Close this window to return to Tillman Crane Musings


TOUCHSTONES

May, 2006

TOUCHSTONES

I love to travel. I have come to understand that the desire to travel is simply part of whom I am. While working on TOUCHSTONES I traveled to Scotland two or three times a year.

Where I am going, how I will get there, what new places I will visit and what familiar haunts I will return to, all these questions add to the stress of getting ready to go on the road. Then there is the family side and the business side that has to be taken care of before I and after I leave. And herein lie the hard part of traveling for me.

However, once I am out the door, and on the bus headed to the airport, I relax and begin to look forward to the adventure. I believe that the subconscious is far ahead of the conscious thought process. My conscious mind plans out my trip. My subconscious stays open to new ideas and visions. I trust serendipity. I have my ideas and expectations but am always looking for the unexpected.

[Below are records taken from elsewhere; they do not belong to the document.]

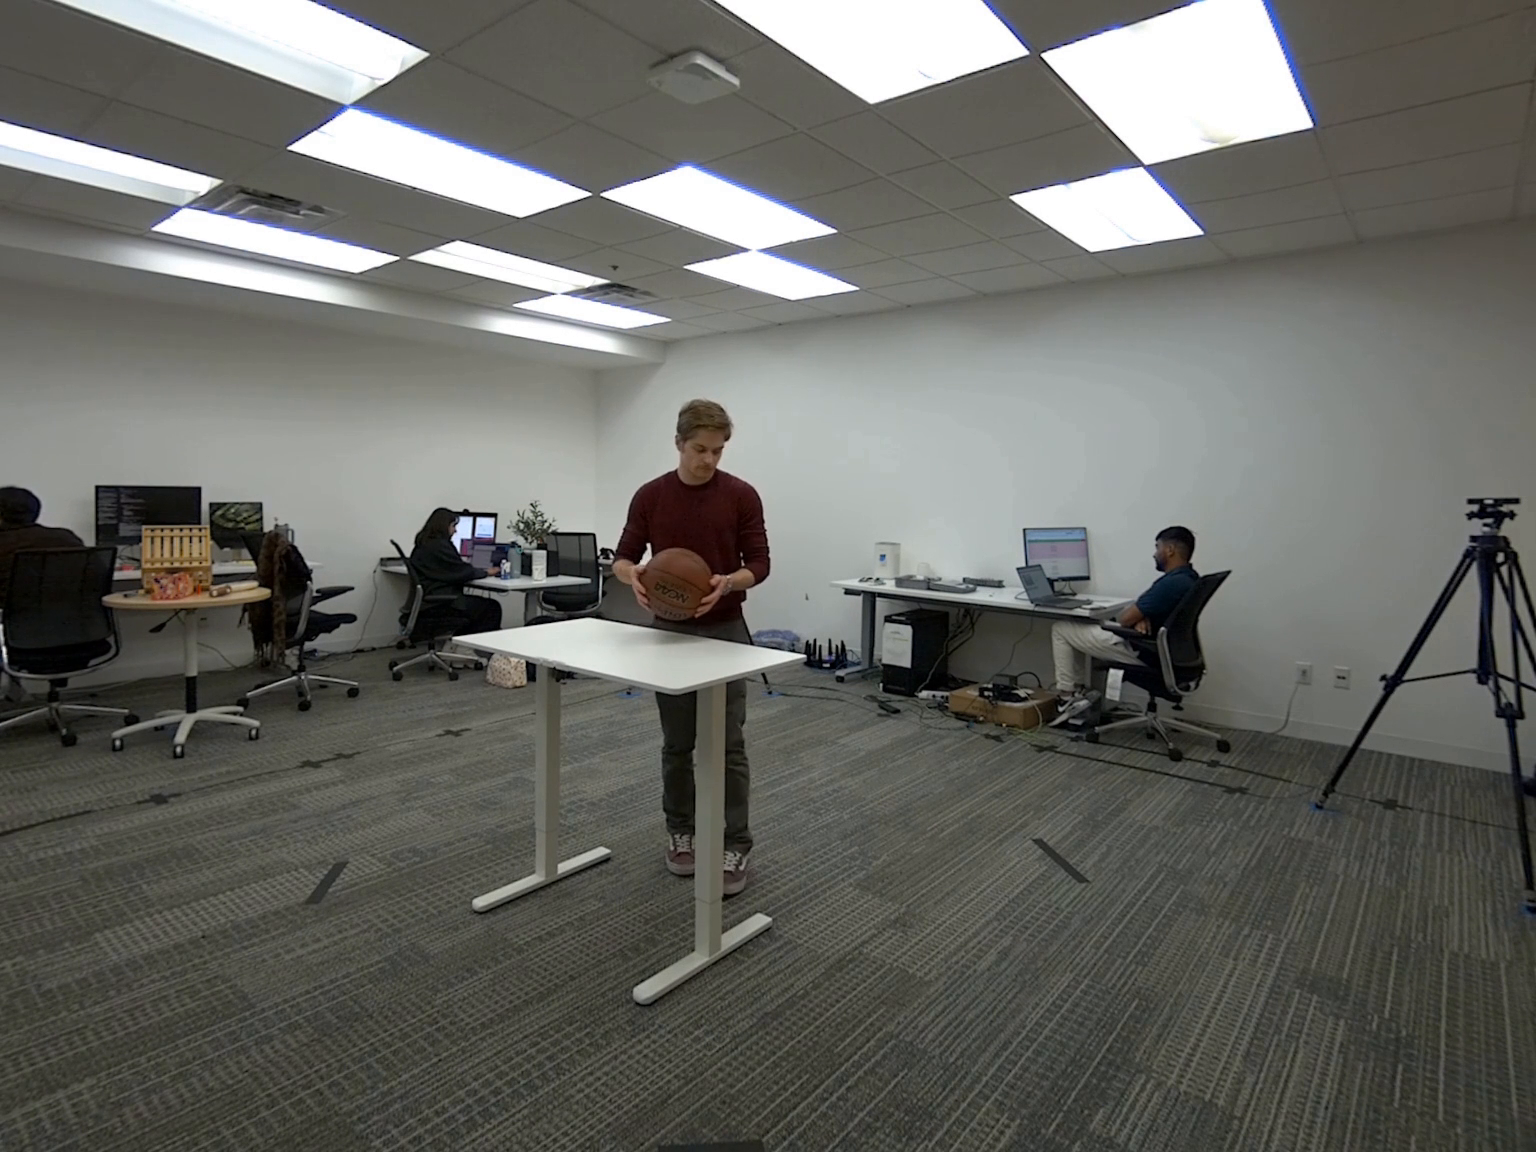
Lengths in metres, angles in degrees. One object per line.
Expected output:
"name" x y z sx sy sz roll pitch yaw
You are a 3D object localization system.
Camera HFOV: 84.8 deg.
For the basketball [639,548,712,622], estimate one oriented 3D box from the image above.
"basketball" -0.302 0.022 2.826 0.235 0.235 0.237 1 4 -2
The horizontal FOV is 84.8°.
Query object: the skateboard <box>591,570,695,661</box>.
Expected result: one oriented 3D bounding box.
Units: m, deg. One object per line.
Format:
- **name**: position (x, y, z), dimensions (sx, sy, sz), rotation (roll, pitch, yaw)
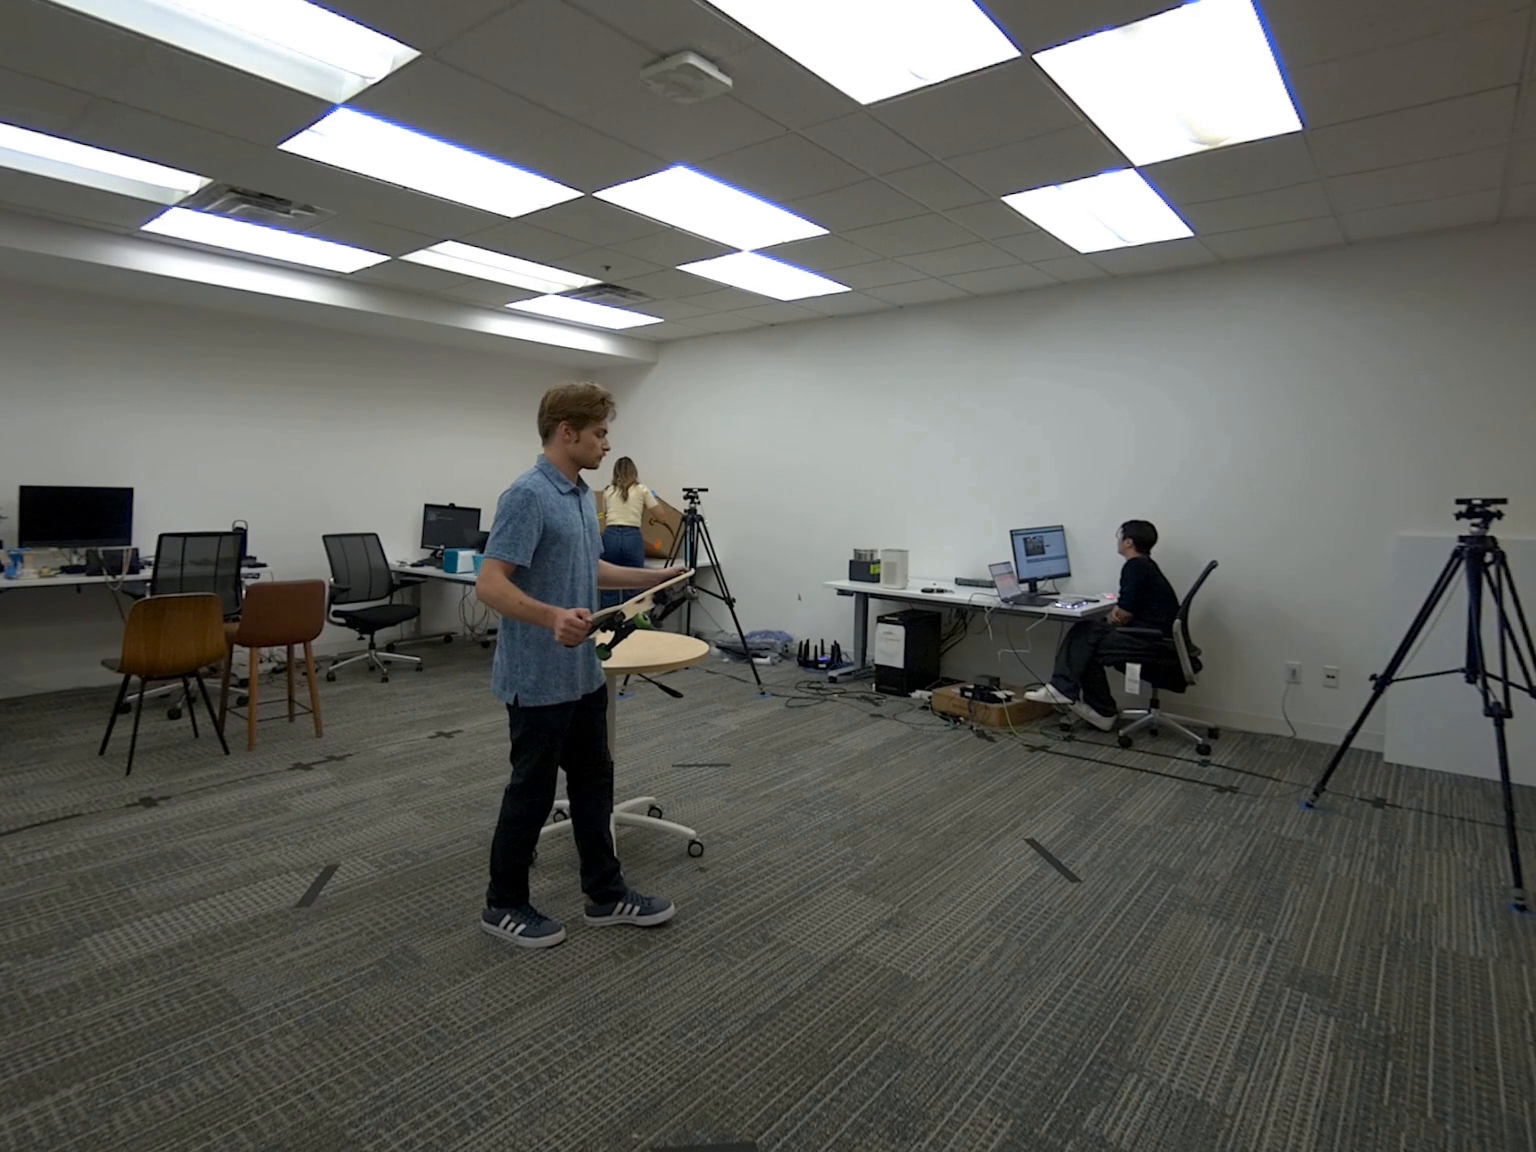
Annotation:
- **skateboard**: position (-0.396, 0.119, 2.570), dimensions (0.194, 0.111, 0.779), rotation (-38, -1, 17)

Plates 2 and Plate 3 were serendipitous images. Gatehouse of Fleet is an area in southwest Scotland, on the way to the John Paul Jones' birthplace museum. After winding down a few miles of country roads we entered a forest of mixed growth trees. The road diverged at the gates of what I assume is Arbigland Estate. A right turn and a few miles later we arrived at the 17th century cottage reported to be the Jones' birthplace. It was a nice little cottage/museum but not what I was hoping to find. It was too sterile, too boring and I didn't make a photograph there.

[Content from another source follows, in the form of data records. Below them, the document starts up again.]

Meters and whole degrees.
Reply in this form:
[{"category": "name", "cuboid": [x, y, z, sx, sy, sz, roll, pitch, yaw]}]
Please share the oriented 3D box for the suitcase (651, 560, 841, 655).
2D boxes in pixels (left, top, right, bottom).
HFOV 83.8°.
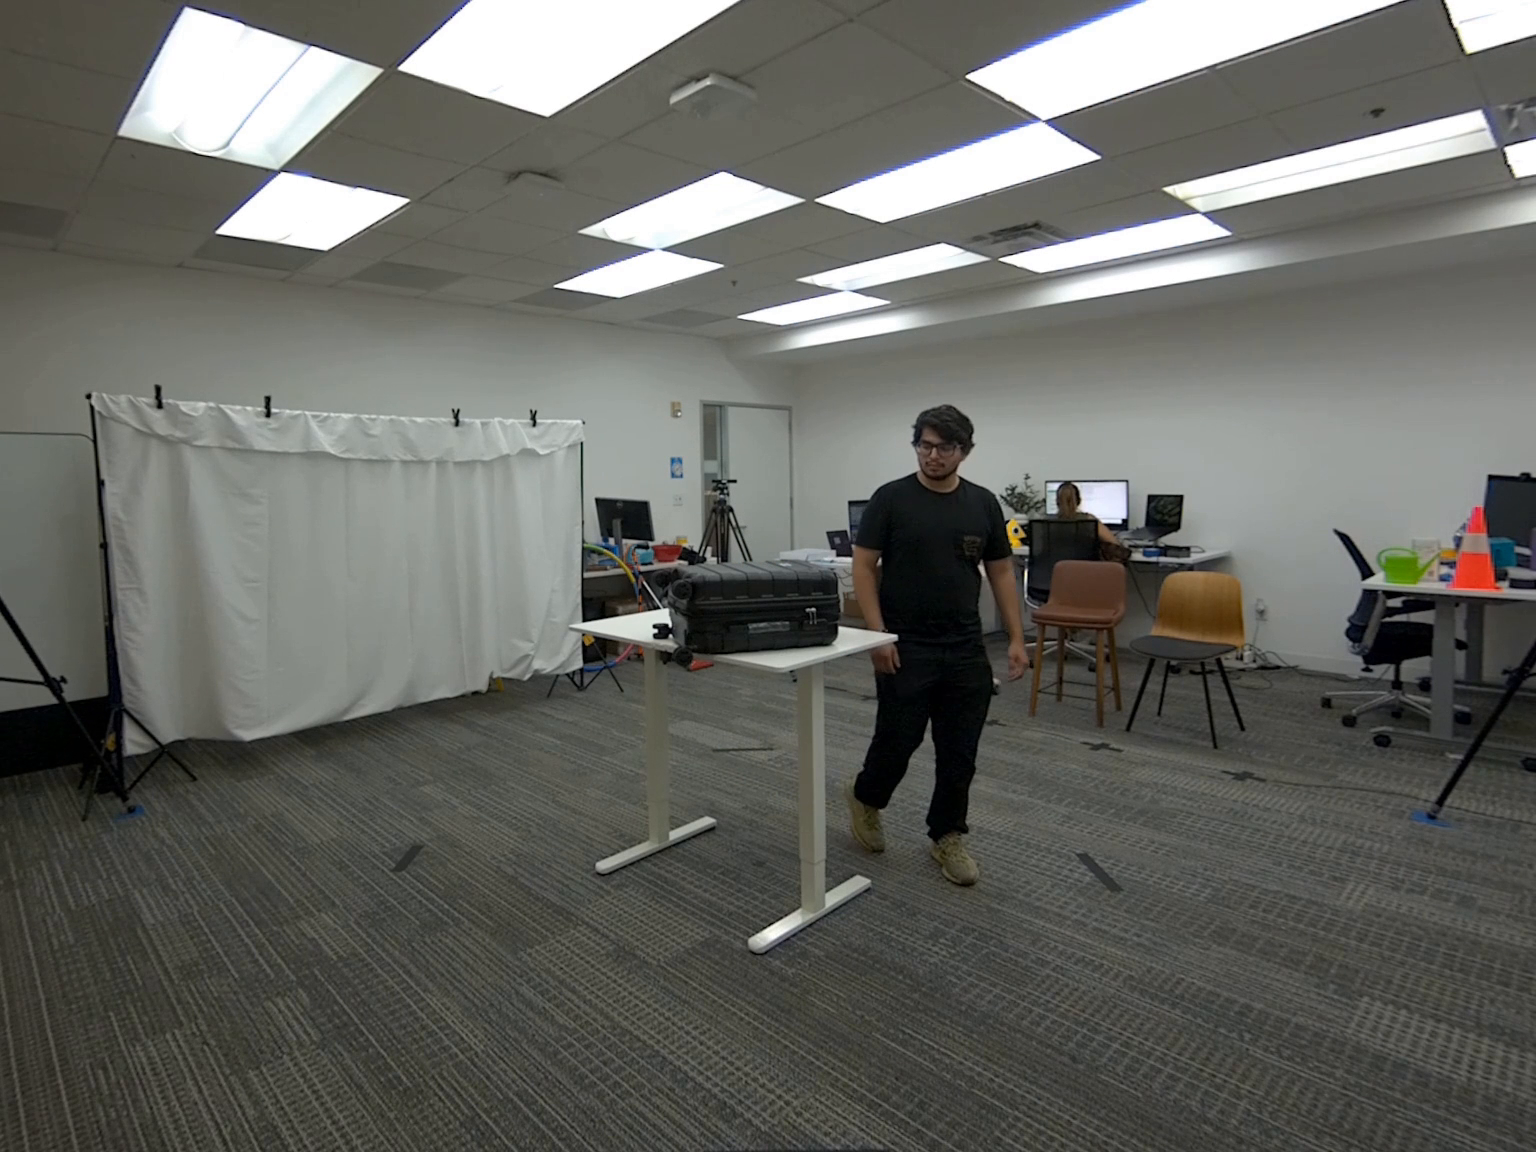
[{"category": "suitcase", "cuboid": [-0.061, 0.095, 2.714, 0.541, 0.247, 0.383, -3, 6, -17]}]

Backtracking to the main road we passed the gate again. Frustrated that I hadn't made a picture at the museum I was bound and determined to expose some film on the gates. But even at the gates I couldn't find the right spot. The image just wasn't working. Then I turned around.

Standing in the middle of this country lane I saw this ribbon of road leading into the distance. I made an image and began to work the situation. I worked with both a long and short lens, moving to the left, to the right of the road and down the center of the road. After shooting all of the 5x12 film I had loaded and most of the 5x7 film I felt that I had an image. I wasn't sure if the image would be inviting or intimidating. I made exposures trying to create both impressions.

During the processing and editing of the negatives for this location, the image I kept returning to was the one that became Plate 2 in TOUCHSTONES. There was something familiar about it. At first I thought it reminded me of Eugene Smith's "Walk to Paradise garden" but it isn't an image about the moment of going from darkness into light. It's more about the approach itself.




Plate 3, Iona Abbey Church, is an expected and predictable image from inside a beautiful cathedral structure. It gives a sense of scale and size, displays the beauty of the stonework, and leads the viewer down the center of the image to the altar at the front of the church. It is a beautiful place and, I think, a beautiful photograph of that place. But it had to be more than that to make it in to the book.

These two images were essential in the sequencing of TOUCHSTONES. Plate 1, the two standing stones and one fallen stone open the narrative of the book. It is misty, perhaps mystical and about the uncertainty of beginning a journey. There is a path, a trail, but where does it lead? These next two images inform the viewer that the path will lead to light. It will be a safe journey, a journey about beauty, about observing and witnessing the quiet corners of life.

TOUCHSTONES is a book about that journey. It is meant to reflect my love of travel but reminds me to return safely to my wellspring of life, home. Home gives me the courage to leave, and the desire to return. Home is that place of light and beauty and courage. Perhaps your subconscious will lead you on a journey through this book and inspire you to new journeys of your own.